A second barrier is the variable nature of the relationship between Capitol Hill and the White House. Democrat Jimmy Carter famously had a difficult time working with a Democratic-controlled Congress, in part because Speaker Tip O’Neill and some top Carter staffers did not get along.
Republican Herbert Hoover had the same problem. He had little experience working with Congress, and the conservatives of his party viewed him as suspiciously progressive. Thus the GOP-controlled Congress paid their party’s president little heed.
Fault lines within the GOP
But perhaps the biggest reason that one-party control isn’t overwhelming is that the parties themselves aren’t homogeneous. In European democracies there are lots of parties for people of all political persuasions – Greens, Social Democrats, Conservatives, Radicals, etc. In the American democracy most of those groups cram into the two major parties around which the nation’s political life revolves.
Democrats and Republicans are coalitions. That creates fault lines and lots of opportunity for partisan infighting.
“These factions are what has done in the best intentions of presidents of both parties,” says Brian Balogh of the University of Virginia.
Southern conservative Democrats went along with the early stages of FDR’s New Deal, for instance, but by 1937 they weren’t happy with where the Democratic administration was going. They started to put a brake on things, legislatively speaking, infuriating the president.
As a result FDR in 1938 tried to purge such Southern conservatives as Sen. Millard Tydings (D) of Maryland and Sen. “Cotton Ed” Smith (D) of South Carolina by directly supporting more liberal Democrats in primaries. The effort flopped. Of 10 conservatives targeted by FDR, only one lost.
“The others returned to Washington even more antagonistic toward the President. In addition, many other Democrats resented the President’s meddling in local affairs,” writes William Leuchtenburg, a professor emeritus of history at the University of North Carolina, in an essay on FDR for the Miller Center of Public Affairs.
Republican President Dwight Eisenhower, for his part, entered the White House with a paper-thin GOP majority in both House and Senate. He needed votes from supporters of Sen. Joseph McCarthy (R) of Wisconsin, an inflammatory disrupter whose irresponsible allegations of Communist influence were tearing apart much of the US government.
Eisenhower hated Senator McCarthy but felt constrained from counterattacks due to the nature of his party coalition at the time.
“A lot of people believe Eisenhower should have spoken out more publicly against McCarthy ... but he didn’t do that precisely because he was worried about holding together his party,” says Balogh.

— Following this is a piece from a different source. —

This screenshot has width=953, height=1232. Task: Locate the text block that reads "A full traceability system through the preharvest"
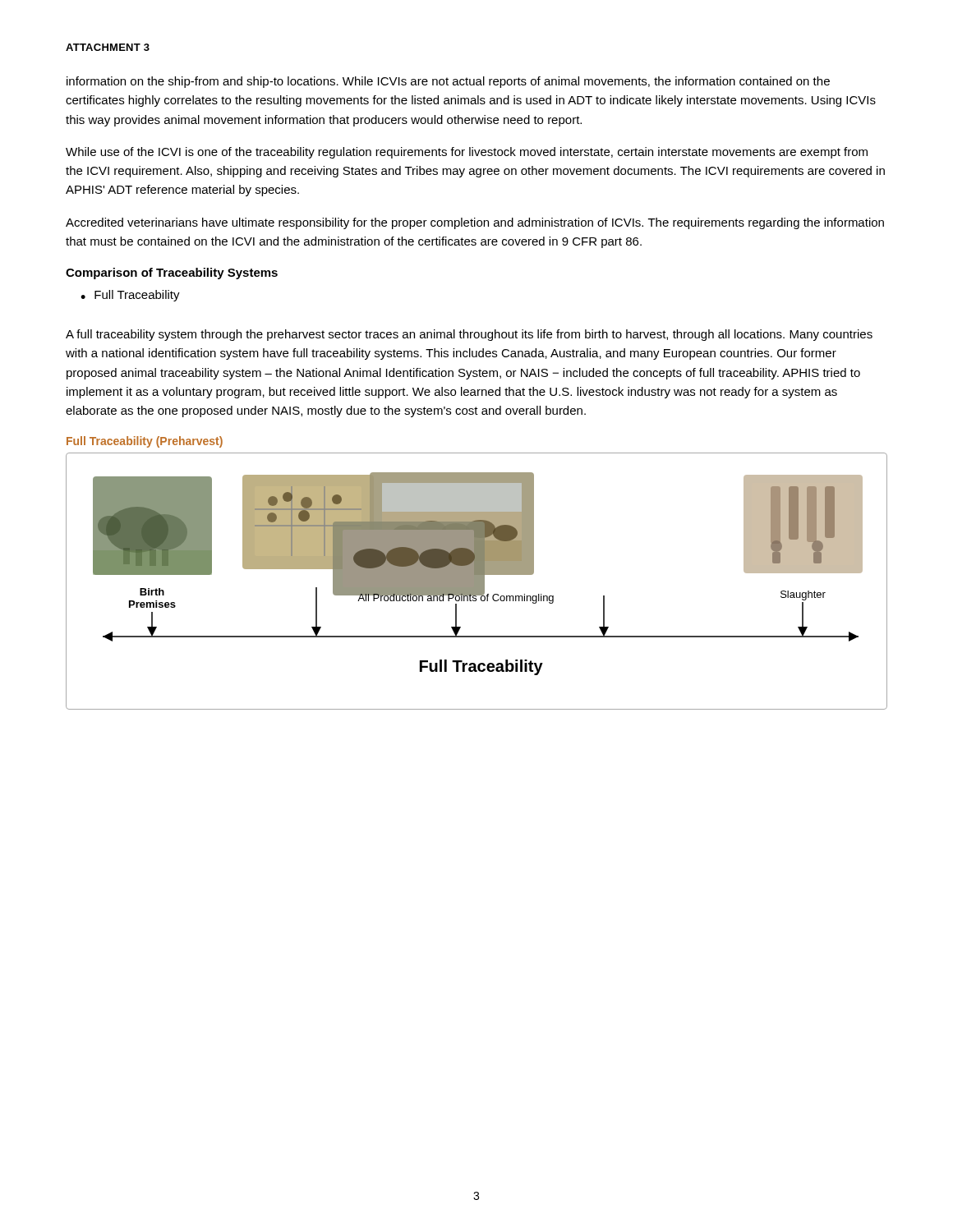pos(469,372)

A thin GOP margin of control
Now it’s President Trump’s turn to discover the challenges of trying to deal with the army of cats that is a modern US political party.
That hasn’t gone fabulously so far. True, Senate Republicans stood behind new Supreme Court justice Neil Gorsuch. But the attempt to repeal Obamacare was a disaster, as tea party conservatives and more moderate Republicans have entirely different visions of what a GOP replacement for the Affordable Care Act should look like.

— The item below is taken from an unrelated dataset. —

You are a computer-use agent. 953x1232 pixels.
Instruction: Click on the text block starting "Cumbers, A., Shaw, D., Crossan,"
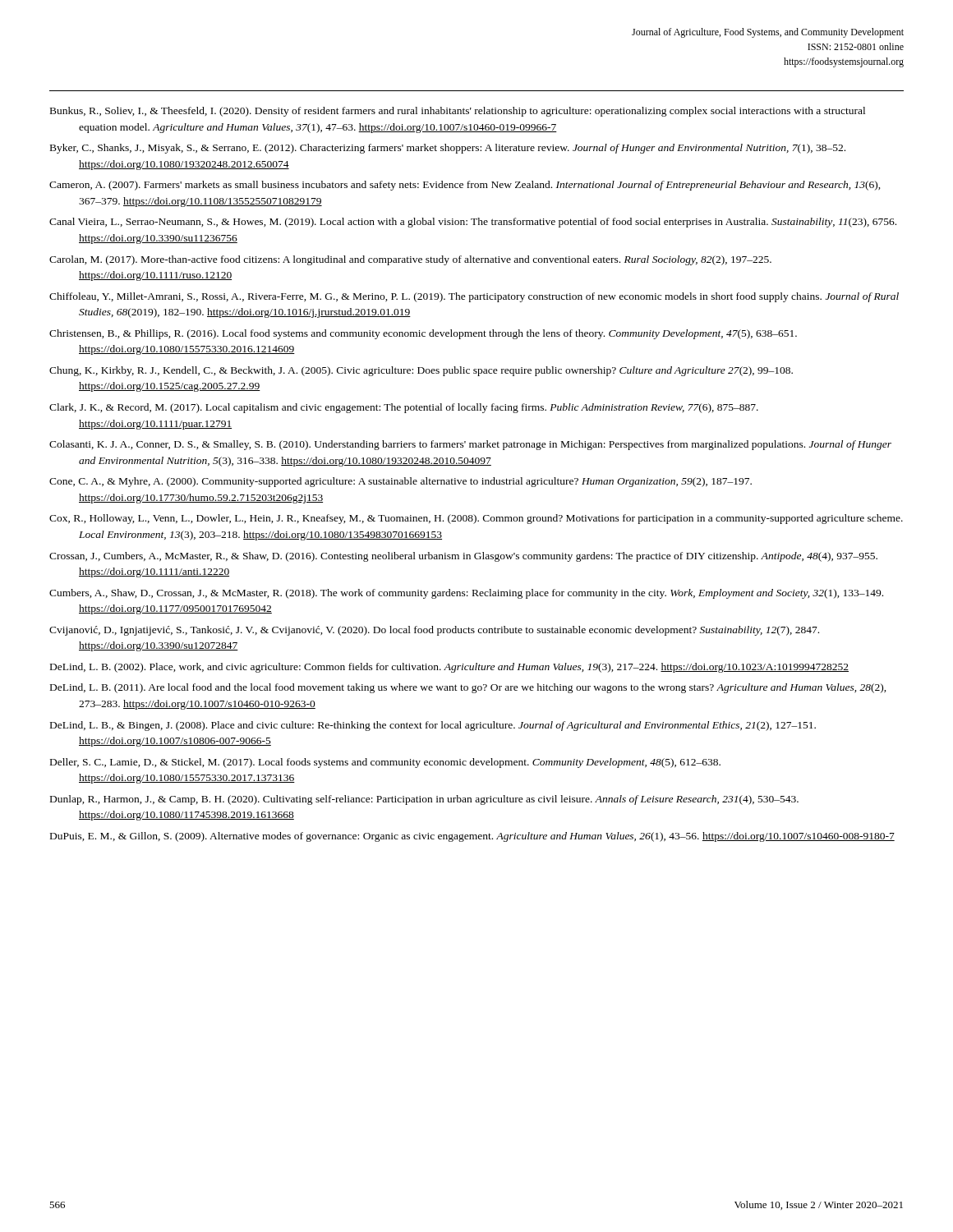[467, 600]

Looking forward, Trump and GOP congressional leaders need to keep in mind that their majority is thin – maybe not paper-thin, but not much thicker than an L.L. Bean catalog.

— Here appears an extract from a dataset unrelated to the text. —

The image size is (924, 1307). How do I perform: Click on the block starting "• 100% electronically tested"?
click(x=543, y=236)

With a 52 to 46 edge in the Senate (two senators are Independents), the GOP has little room to maneuver on big bills. It needs to attract eight Democrats and/or Independents to pass legislation subject to filibuster, a daunting prospect given current levels of partisan animosity.
Perhaps with the artificial 100-day deadline passed, pressure for quick action will abate. A slower approach might result in more party unity.
“You’ve got to build a coalition and get stuff that you can actually get enacted," says Sen. John Thune (R) of South Dakota, the third ranking member of the Senate GOP leadership, interviewed Monday on his way into a party event. "I think the lesson coming out of a lot of this is that we want to make sure we get it right; it’s better than getting it fast."